__TASK TO COMPLETE__
What is needed is a verbatim copy of the data, minus the pictures.

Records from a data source

----------------

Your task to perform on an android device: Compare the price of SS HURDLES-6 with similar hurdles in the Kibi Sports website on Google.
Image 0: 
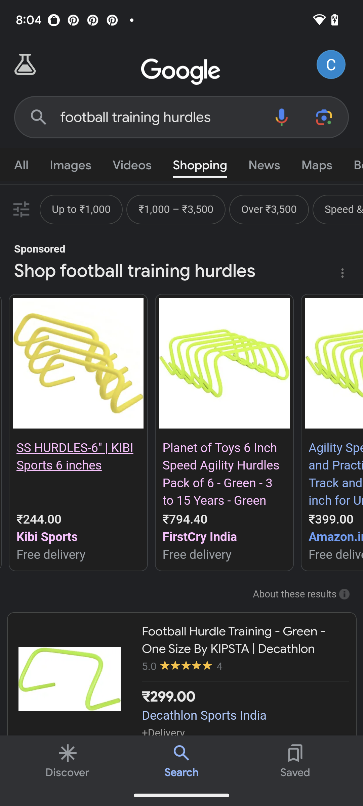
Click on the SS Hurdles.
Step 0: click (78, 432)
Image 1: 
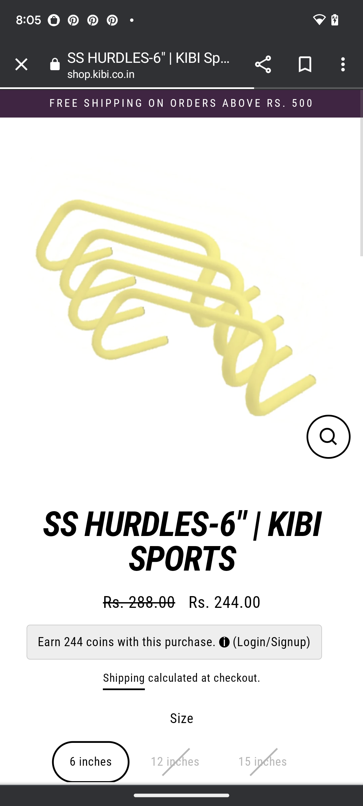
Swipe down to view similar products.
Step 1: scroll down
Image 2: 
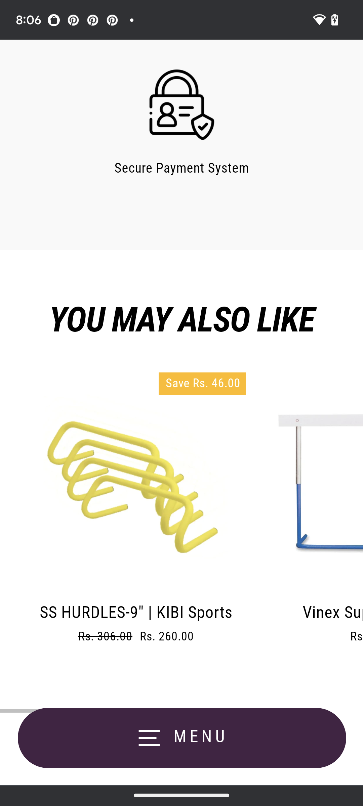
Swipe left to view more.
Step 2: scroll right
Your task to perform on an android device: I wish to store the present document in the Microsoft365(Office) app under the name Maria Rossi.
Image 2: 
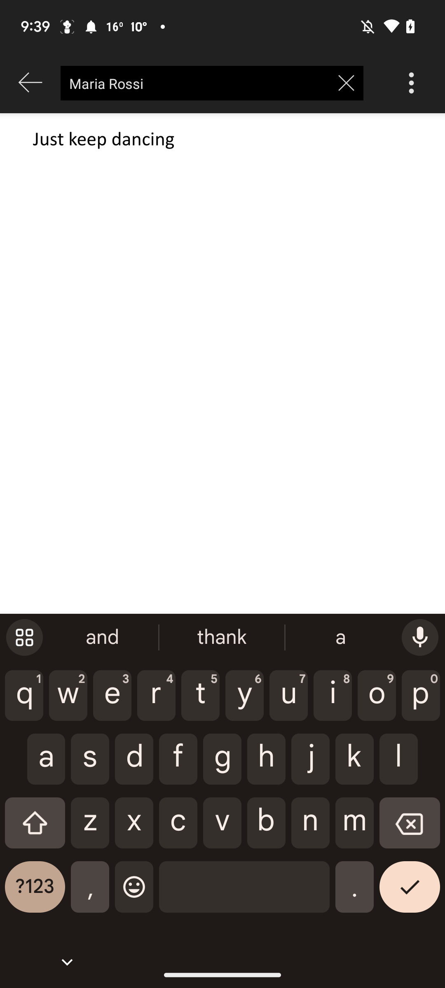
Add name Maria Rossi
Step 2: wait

----------------

__RESULT OF THE TASK__
Your task to perform on an android device: Compare the price of SS HURDLES-6 with similar hurdles in the Kibi Sports website on Google.
Image 0: 
Click on the SS Hurdles.
Step 0: click (78, 432)
Image 1: 
Swipe down to view similar products.
Step 1: scroll down
Image 2: 
Swipe left to view more.
Step 2: scroll right
Your task to perform on an android device: I wish to store the present document in the Microsoft365(Office) app under the name Maria Rossi.
Image 2: 
Add name Maria Rossi
Step 2: wait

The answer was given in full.